1: There are times when I am really tired of people, but I feel lonely too. I know the people who I am working with are really good and it's not because I don't like them, I just really like the idea of helping them to do things that I have no interest in doing myself, I just love the idea that I could help them and that is the best part of wo

Clearly that the more sophisticated method's setting can give us pretty impressive results. So it is a tieme to explore this avenue more, we will use the prompts taken from OpenAI's GPT-2 webiste, where they feed them to a full-sized GPT-2 model. This comparison will give us an idea of how well we are doing with a local (smaller) model compared to a full one that was used.

In [14]:
MAX_LEN = 500

In [15]:
prompt1 = 'In a shocking finding, scientist discovered a herd of unicorns living in a remote, previously unexplored valley, in the Andes Mountains. Even more surprising to the researchers was the fact that the unicorns spoke perfect English.'

# encode the print
input_ids = tokenizer.encode(prompt1, return_tensors='tf')

sample_outputs = GPT2.generate(
                              input_ids,
                              do_sample = True, 
                              max_length = MAX_LEN,                              #to test how long we can generate and it be coherent
                              #temperature = .8,
                              top_k = 50, 
                              top_p = 0.85 
                              #num_return_sequences = 5
)

print("Output:\n" + 100 * '-')
for i, sample_output in enumerate(sample_outputs):
    print("{}: {}...".format(i, tokenizer.decode(sample_output, skip_special_tokens = True)))
    print('')

Output:
----------------------------------------------------------------------------------------------------
0: In a shocking finding, scientist discovered a herd of unicorns living in a remote, previously unexplored valley, in the Andes Mountains. Even more surprising to the researchers was the fact that the unicorns spoke perfect English.

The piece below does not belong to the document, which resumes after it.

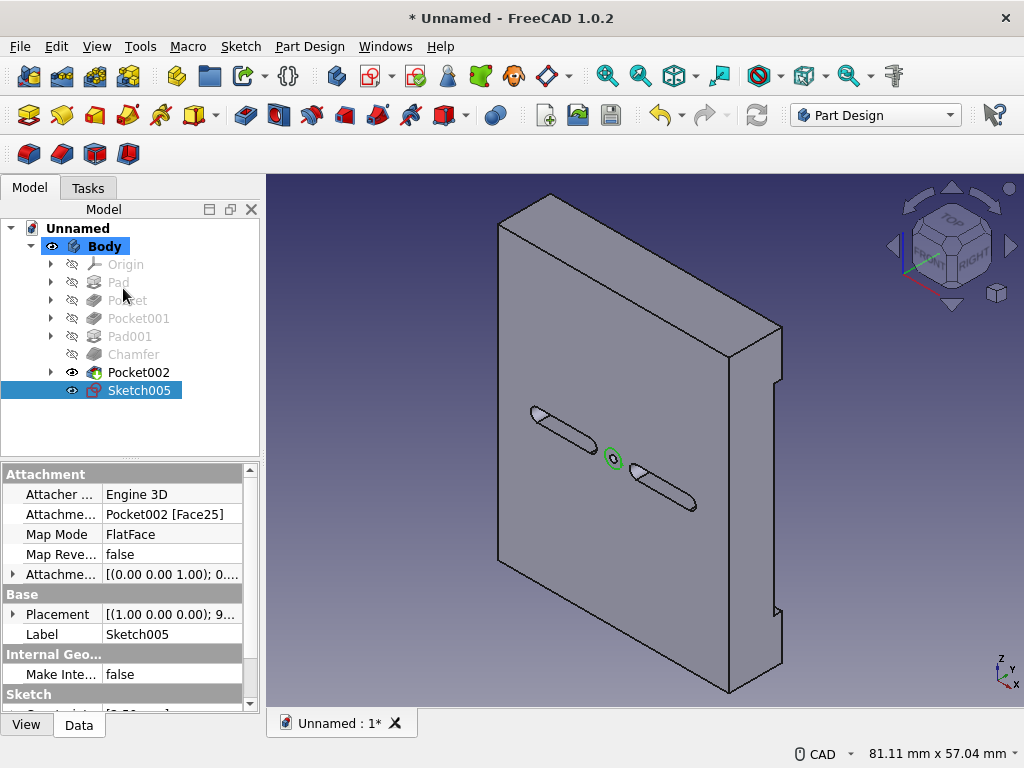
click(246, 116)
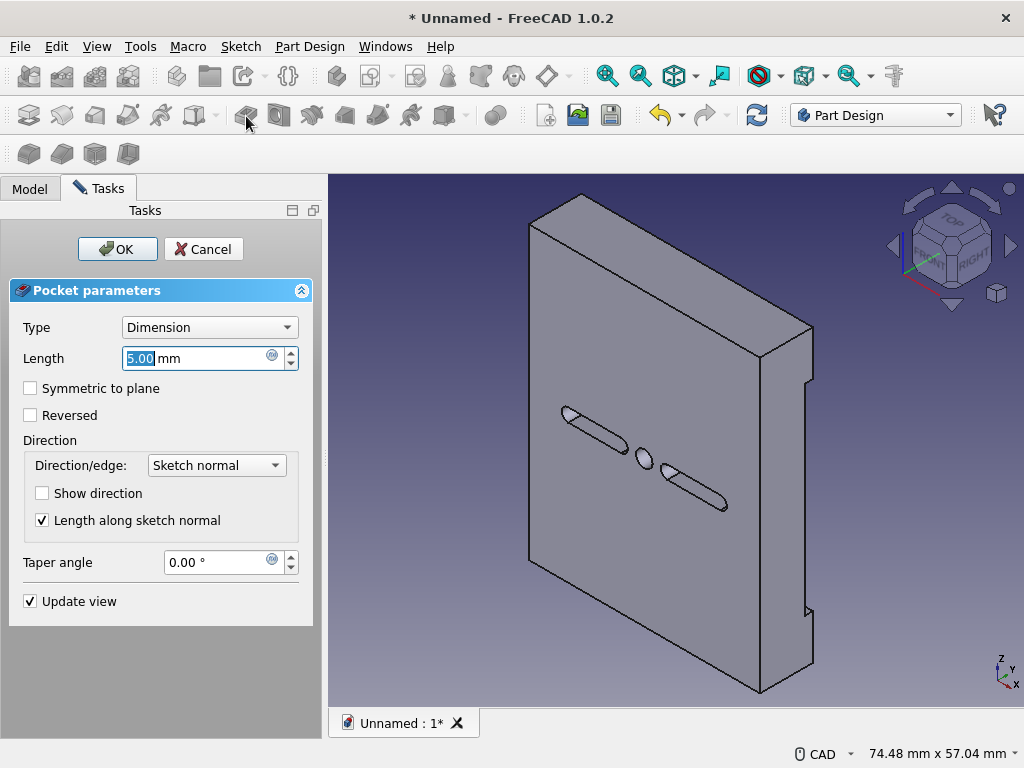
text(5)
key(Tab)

This is the first confirmed sighting of unicorns in the Andes, according to a press release from the University of Cambridge.

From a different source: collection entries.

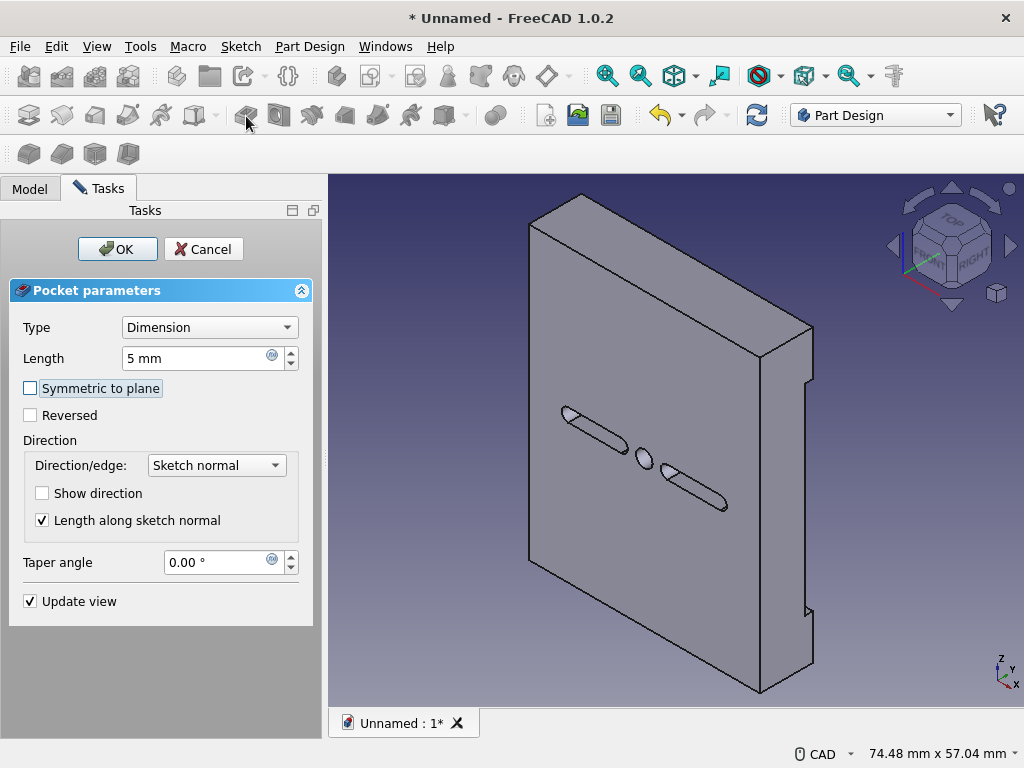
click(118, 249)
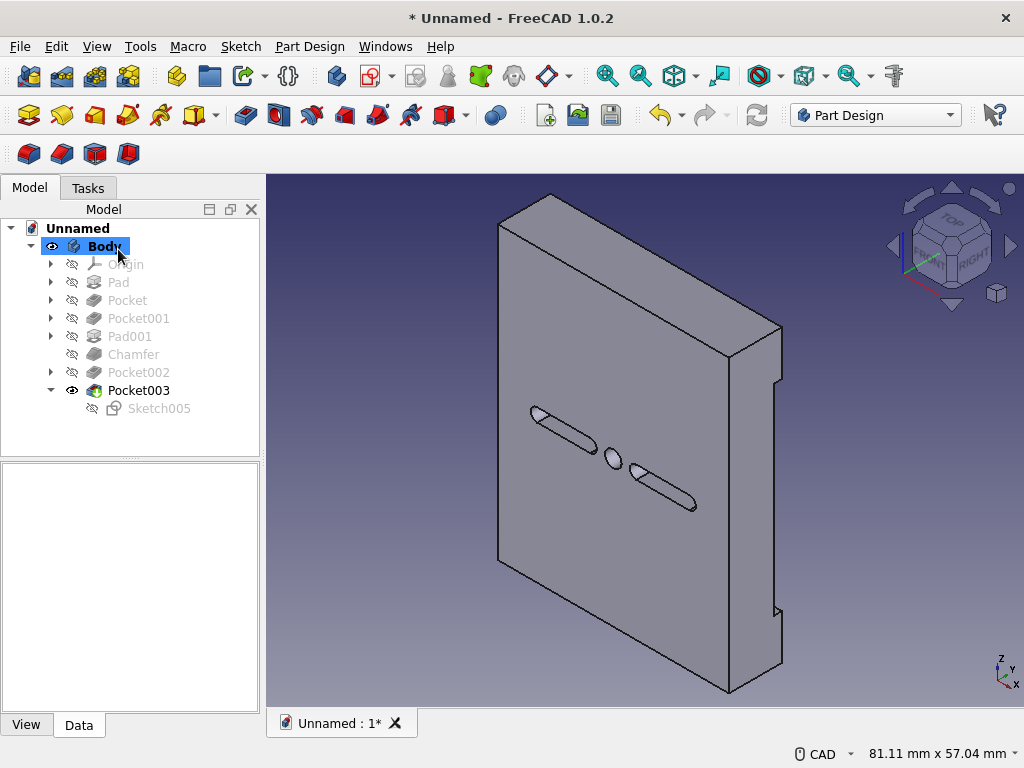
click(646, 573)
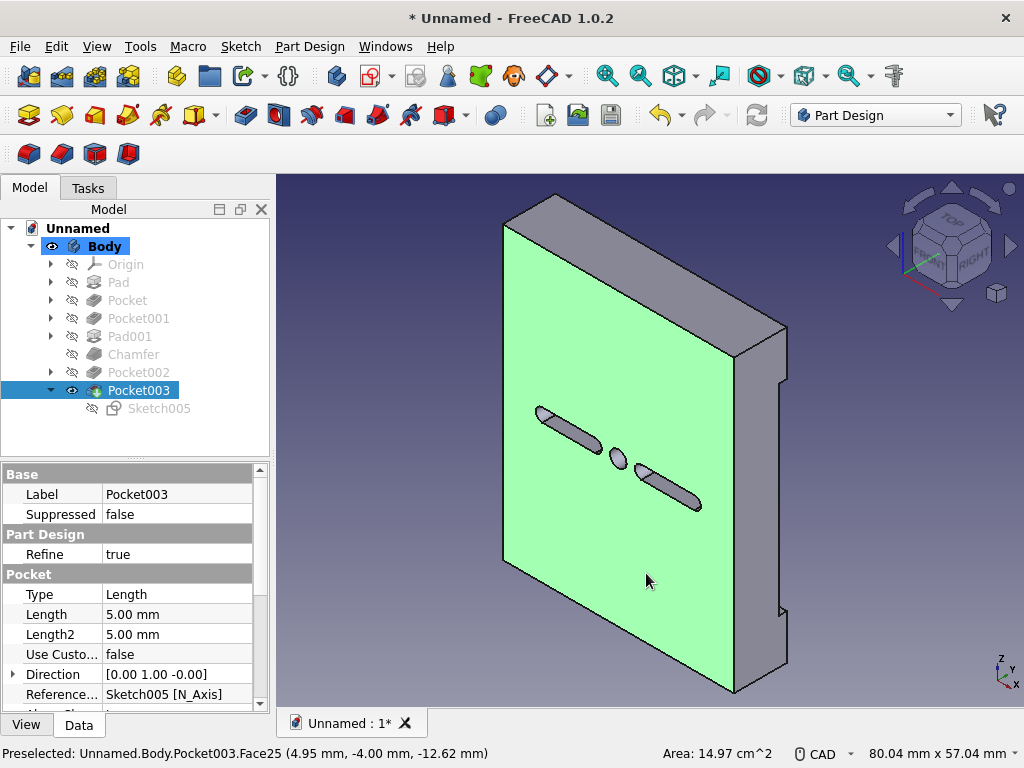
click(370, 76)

Scientists had previously believed that the unicorns might have been extinct. They had also believed that the unicorns might have been killed off by the glaciers that once covered their mountain range.

However, after conducting a detailed study of their language, scientists believe that the unicorns actually speak English in a language that resembles that of their European ancestors.

The scientists who spotted the unicorns used a high-tech equipment that can detect the faint traces of light that is emitted by the Earth's 

As can be seen from the above result, we did train the full scale model. And the result is pretty good.

As can be seen from the above examples, a GPT-2 model working out of the box (without finetuning) can already generate plausible-looking long-form text. Assessing the fure impract of this technology on the field of communication remains an open and highly controversial issue.